Editor:
Over the past year, I have noticed that the lengths to which organizations have gone to advertise have reached absurdity and have even started to degrade our beautiful campus. Let me explain.
First of all, a strong portion of Loyola students claim to be “environmentally-minded.”
However, when you walk around our campus, this is not found to be so. Trash, food and cigarette butts litter our campus.
I have rarely seen students, supposedly concerned for our environment, stop and pick up the trash that occupies our backyard.
Even more alarming is that a percentage of this trash consists of flyers and handbills that student organizations, concert halls, or even our very own LUCAP and SGA utilize to invite or inform students of something. How often have we seen organizations strew their plugs all over the benches in the quad, the tables in the Danna Center, or even the grounds all over campus?
Instead of walking through the Danna Center to see ads on the walls, we can now go to the Peace Quad and sift through the trash on the ground to see which meetings are taking place that evening. Whatever happened to paying attention to our campus environment?
However, what distresses me the most is the content of some of these advertisements and their contradiction to another of Loyola’s ‘supposed’ premises. Many of the advertisements for off-campus businesses promoting their parties blatantly use sex as a tool to draw in their targets.
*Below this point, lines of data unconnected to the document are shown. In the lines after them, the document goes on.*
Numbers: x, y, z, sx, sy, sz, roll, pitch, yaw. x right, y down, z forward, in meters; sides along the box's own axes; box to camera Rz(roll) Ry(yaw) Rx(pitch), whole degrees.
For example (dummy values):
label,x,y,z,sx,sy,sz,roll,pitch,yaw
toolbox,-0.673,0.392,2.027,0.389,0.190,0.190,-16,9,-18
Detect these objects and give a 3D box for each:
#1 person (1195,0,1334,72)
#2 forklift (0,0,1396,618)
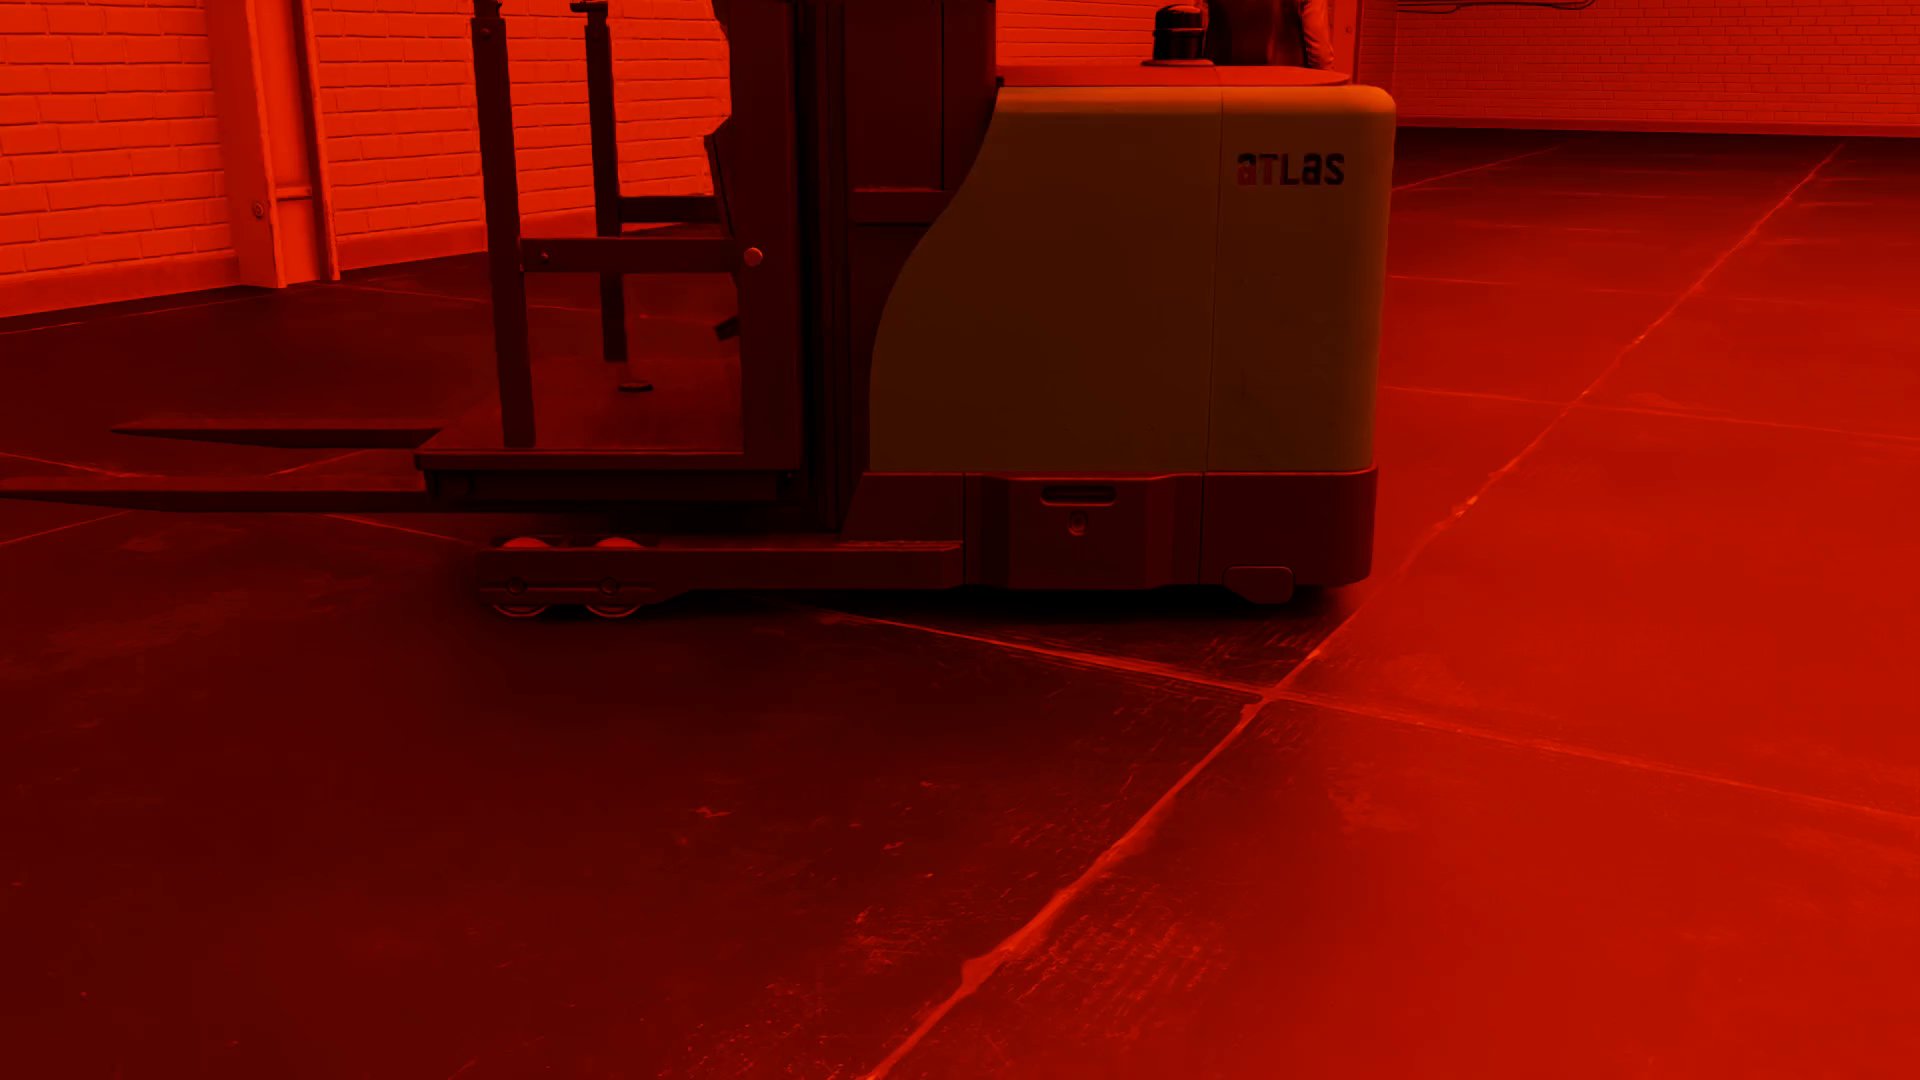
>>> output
label,x,y,z,sx,sy,sz,roll,pitch,yaw
person,1.211,-1.676,6.743,0.605,1.739,0.485,7,18,22
forklift,-0.637,-1.392,3.578,3.031,2.935,1.130,0,16,0

For example, the club 360 is well known for its ads with provocative images blanketing the grounds of our campus. Recently, a company run by Loyola students has advertised for two of their parties, “Flirt” and “Karma,” by distributing professionally-made flyers adorned with a scantily clad female on each.
Undoubtedly, these ads use the female body; it merely objectifies the women’s body as bait to pull in money at the door.
Shouldn’t we at the critical thinking university stop and realize that these ads are degrading women to a substandard level? Where is the feminism that would be appalled at these insults?
If we truly are women and men with and for others, then shouldn’t we, as a student body and institution, stand up and demand that this will not happen at Loyola? Shouldn’t we mandate that our administration and our SGA make a stand?
If we say one thing, we should follow it up with consistent action.